Originally Posted by *Grace24* 
What she said was outrageous. I'm 36 and pg with my first. It seemed that before we were TTC, everywhere I looked were articles about how it was SO DANGEROUS and SO MANY WOMEN just had left it too late, and couldn't get pregnant like they thought, and blah blah blah. My mom, feminist from the '70's that she is, thinks it's a plot by men to scare women out of the working world and back into the homes by telling them they have to have babies sooner. Ha!

Last year two of my coworkers who were each 45 had perfectly healthy pregnancies which resulted in two beautiful babies. I've had no complications (knock on wood)... in fact I'm healthier now that I'm "AMA" than I was two years ago before I reached the DREADED 35.

This attitude drives me nuts. I would've been a terrible mother ten years ago! I was a nutcase in an abusive relationship! Now I'm calm, peaceful, settled, and married to a wonderful man. NOW is when I'm going to have babies, and I don't care who has what to say about it!

Find another doctor!

Scuse me, guess I had a little rant all my own!

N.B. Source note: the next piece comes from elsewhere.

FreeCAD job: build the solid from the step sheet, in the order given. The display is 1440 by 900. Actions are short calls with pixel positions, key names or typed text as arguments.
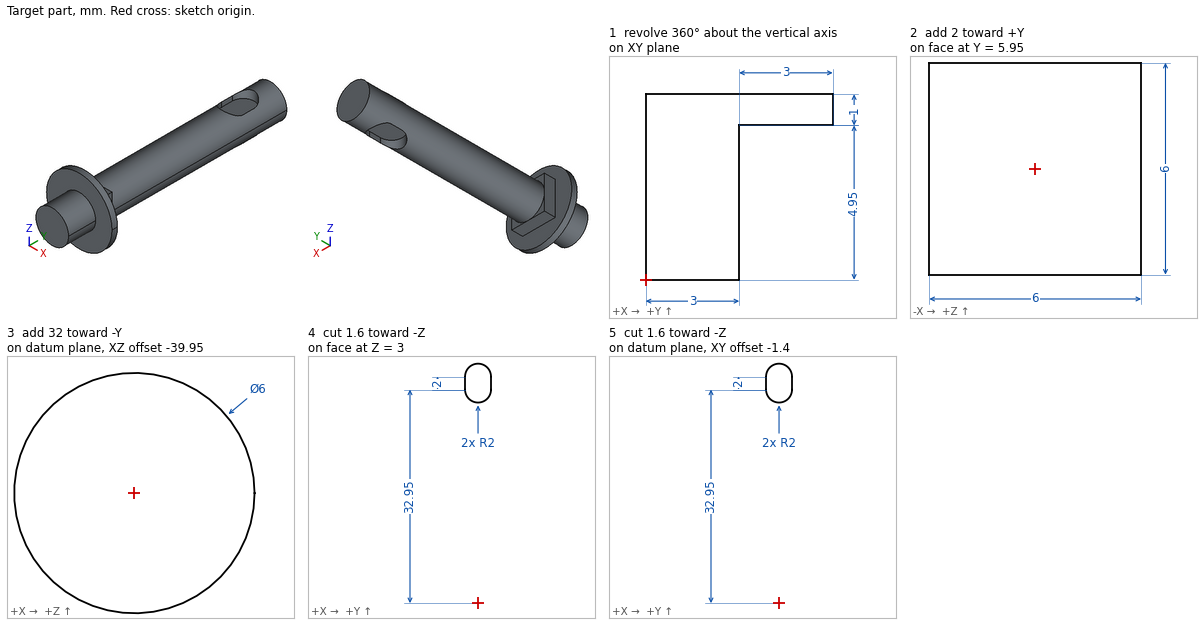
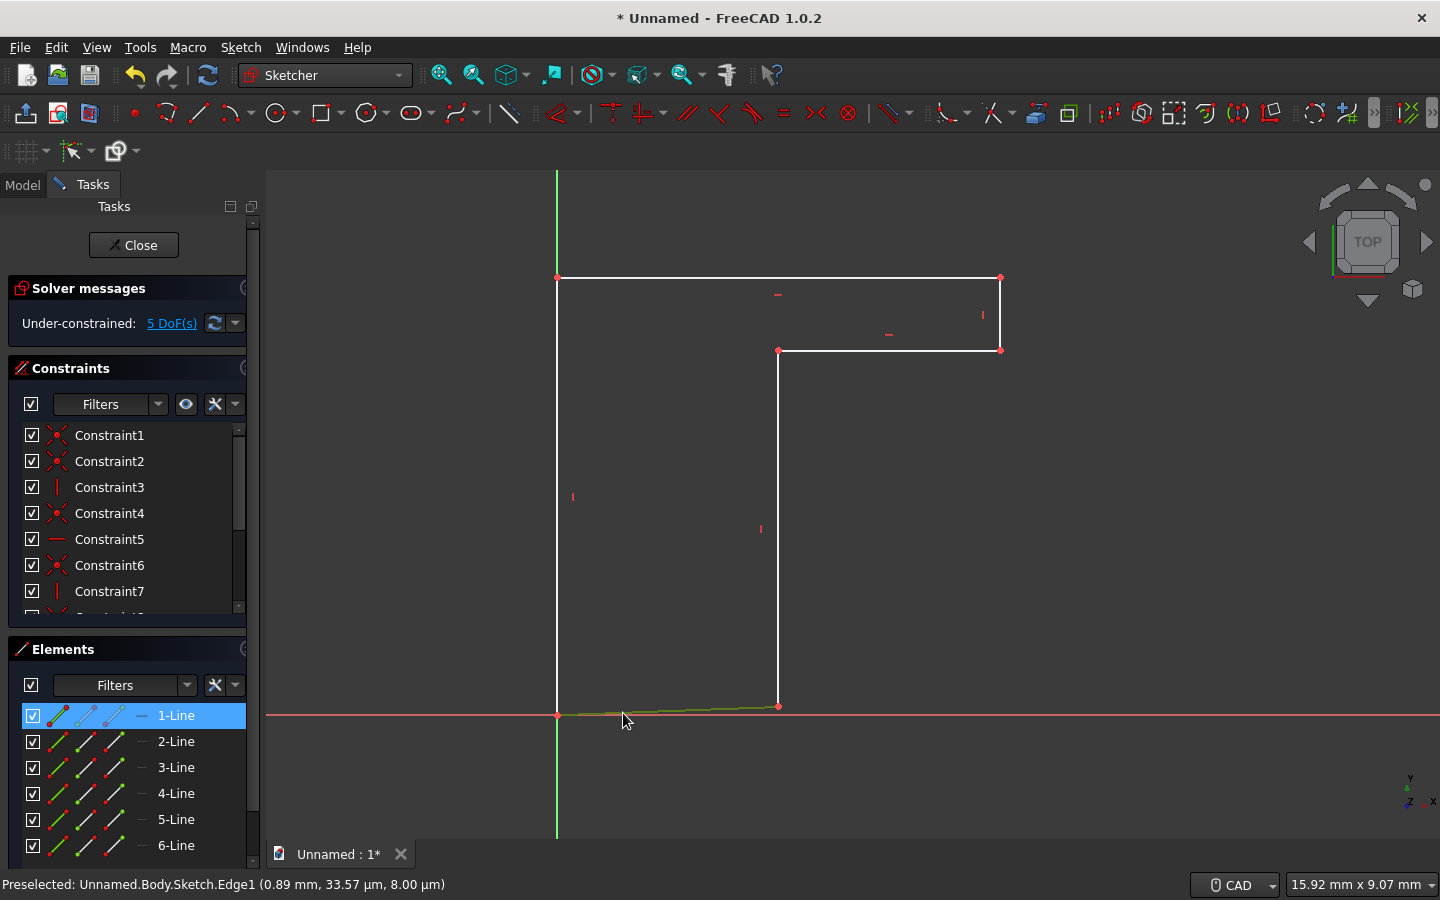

I am happy to hear that you are pg and doing well but the reality is that a woman's fertility *does* start to decrease starting in her late twenties and even more so after 35 and certainly after 40. That does not mean a woman should not have a baby after 35, but they should have the facts. We see lots of celebrities having children in their 40s and really it is misleading as a woman has a very small chance of getting and staying pregnant after 40 with her own eggs. Many people are using donor eggs. I bet the women in your office didn't get pregnant with their own eggs. Yes, it is possible but statisitcally, not very likely.


----------



## PiePie (Oct 2, 2006)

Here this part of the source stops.